=== Material supplied ===

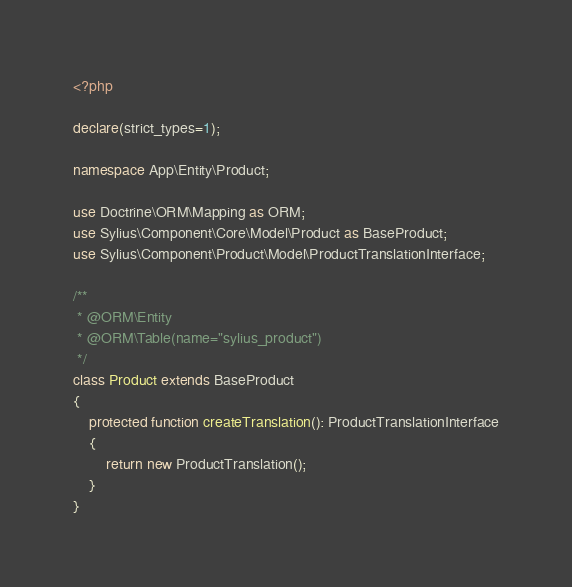<code> <loc_0><loc_0><loc_500><loc_500><_PHP_><?php

declare(strict_types=1);

namespace App\Entity\Product;

use Doctrine\ORM\Mapping as ORM;
use Sylius\Component\Core\Model\Product as BaseProduct;
use Sylius\Component\Product\Model\ProductTranslationInterface;

/**
 * @ORM\Entity
 * @ORM\Table(name="sylius_product")
 */
class Product extends BaseProduct
{
    protected function createTranslation(): ProductTranslationInterface
    {
        return new ProductTranslation();
    }
}
</code>

===

What the task asks: Give the records back verbatim, pictures excluded.

Written answer:
<code> <loc_0><loc_0><loc_500><loc_500><_PHP_><?php

declare(strict_types=1);

namespace App\Entity\Product;

use Doctrine\ORM\Mapping as ORM;
use Sylius\Component\Core\Model\Product as BaseProduct;
use Sylius\Component\Product\Model\ProductTranslationInterface;

/**
 * @ORM\Entity
 * @ORM\Table(name="sylius_product")
 */
class Product extends BaseProduct
{
    protected function createTranslation(): ProductTranslationInterface
    {
        return new ProductTranslation();
    }
}
</code>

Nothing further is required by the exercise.